Stored dataset items:

======

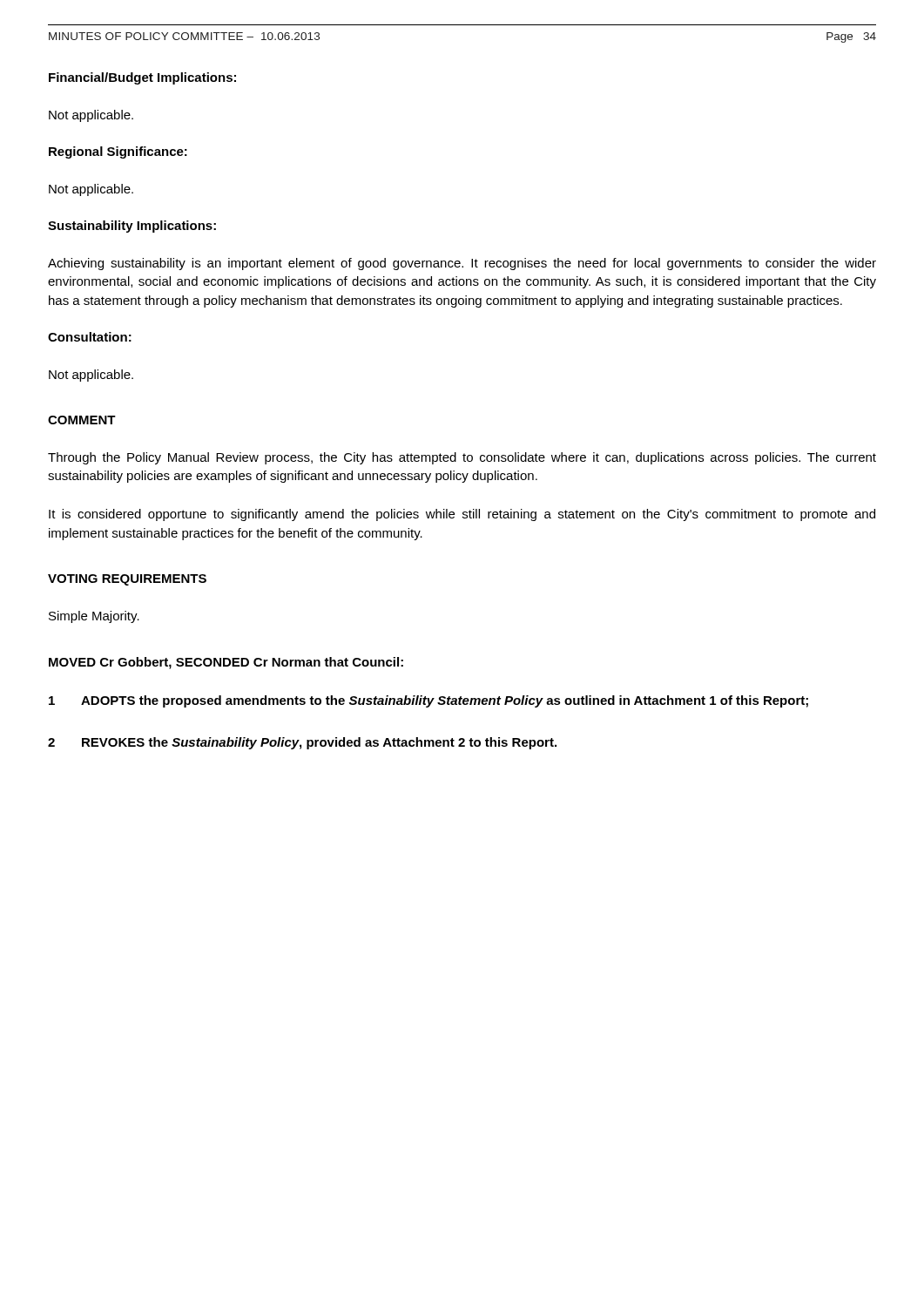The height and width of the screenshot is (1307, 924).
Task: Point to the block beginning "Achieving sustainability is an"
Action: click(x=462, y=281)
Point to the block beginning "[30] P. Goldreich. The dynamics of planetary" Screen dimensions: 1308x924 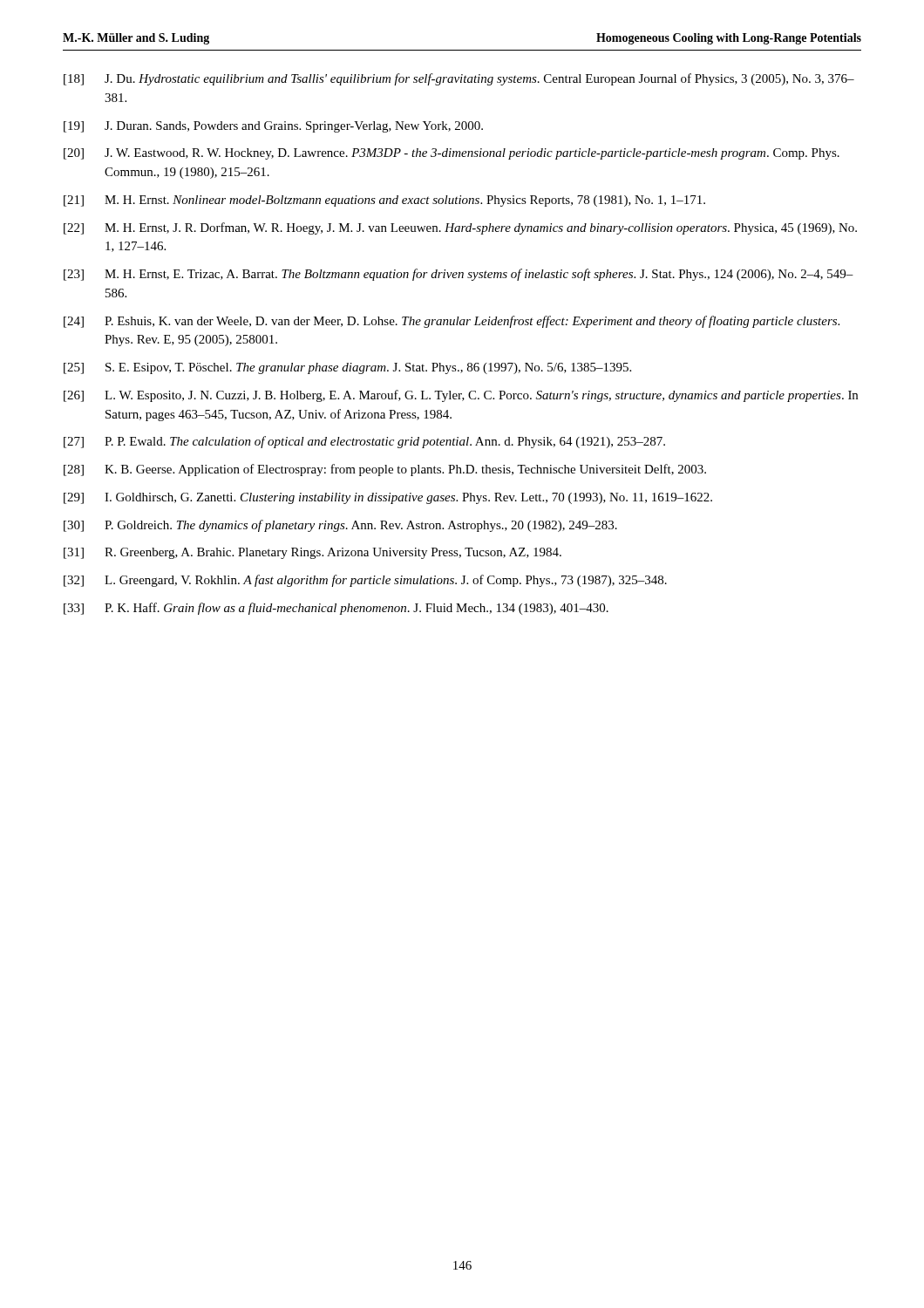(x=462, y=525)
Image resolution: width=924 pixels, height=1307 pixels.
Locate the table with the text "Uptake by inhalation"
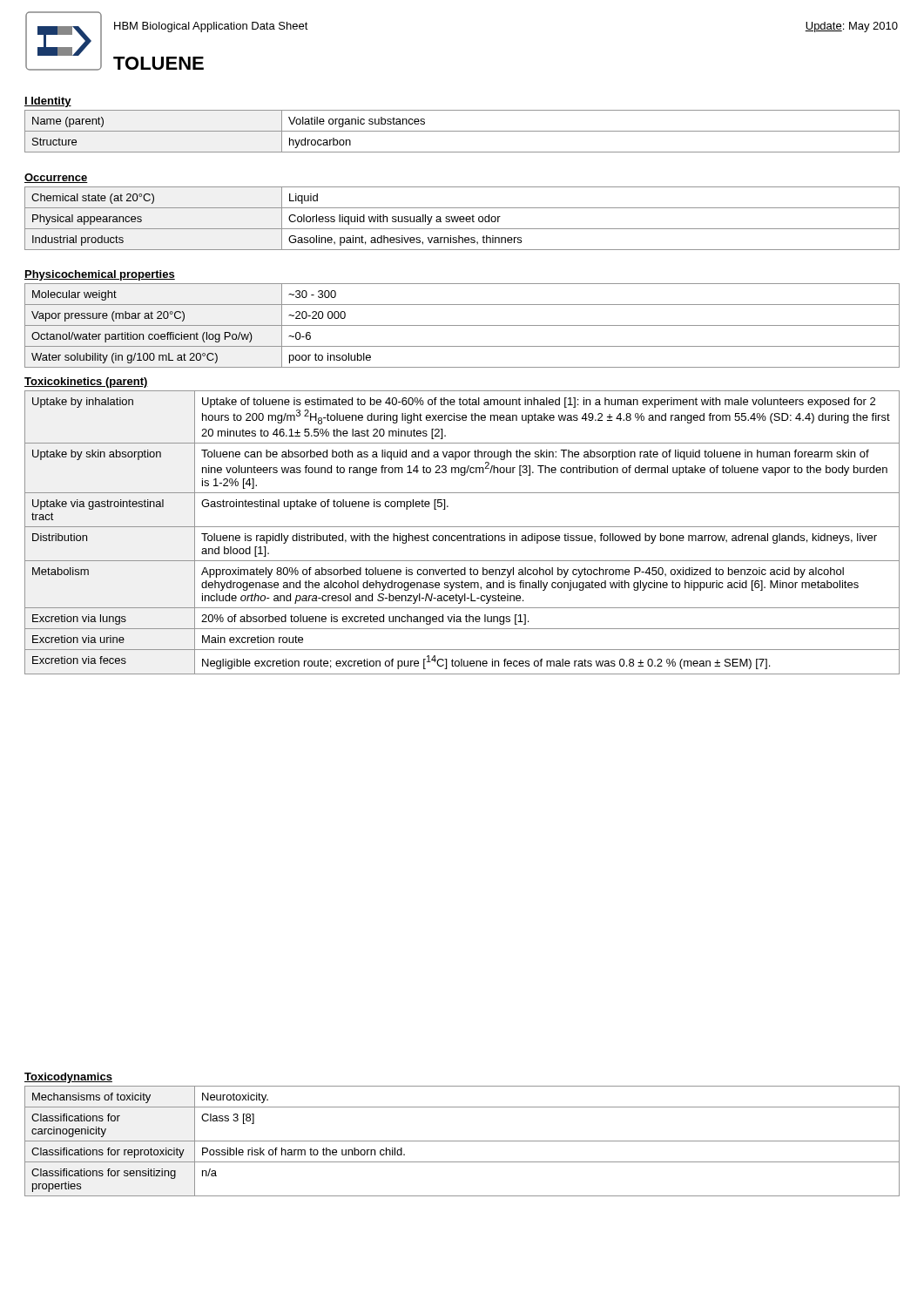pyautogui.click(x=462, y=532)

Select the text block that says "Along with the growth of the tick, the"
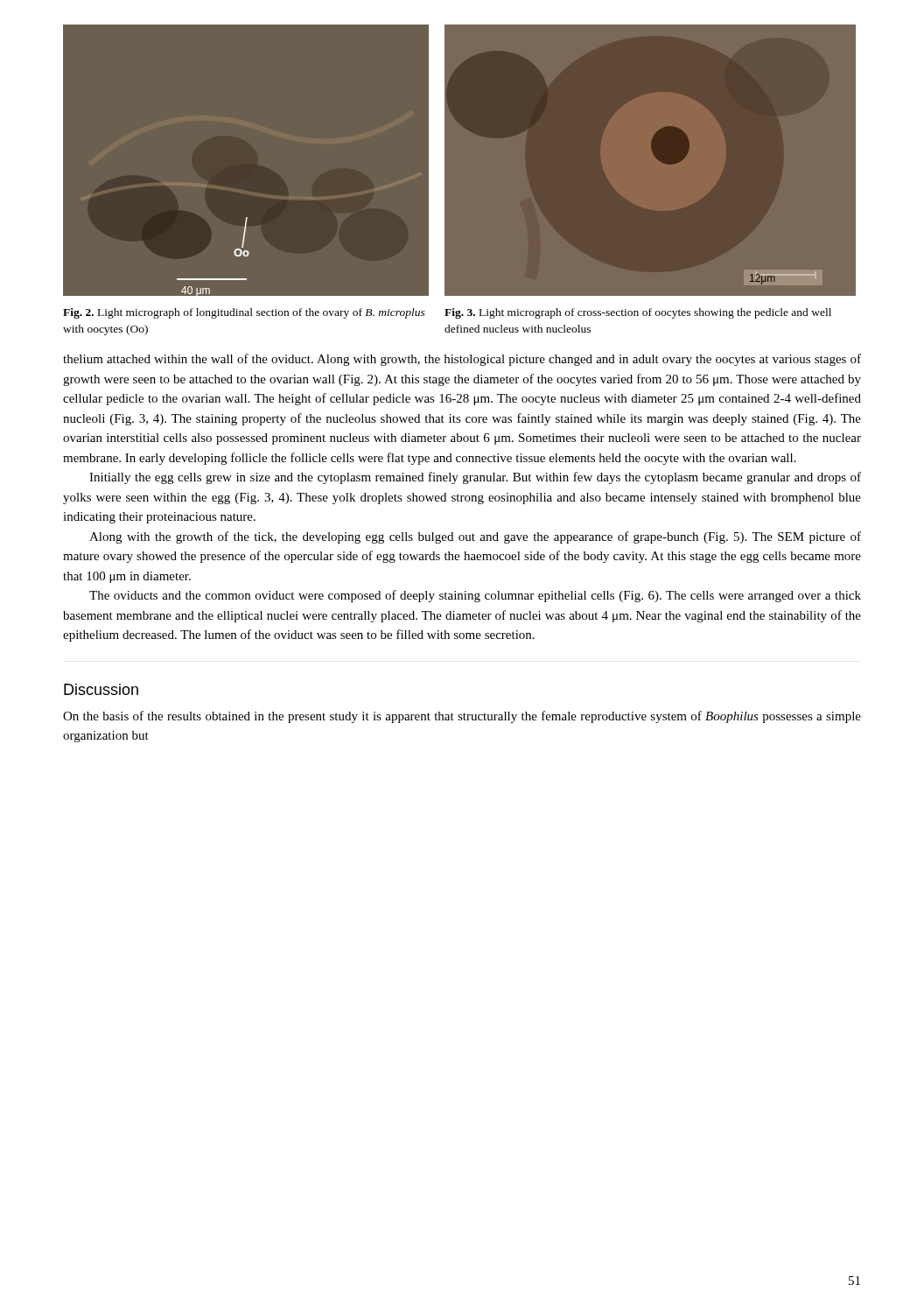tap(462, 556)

======

Description of the task: Repeat exactly and only the lines from the one holding "Select the text" through the final line of the entries; no pictures.

Your solution:
Select the text block that says "Along with the growth of the tick, the"
tap(462, 556)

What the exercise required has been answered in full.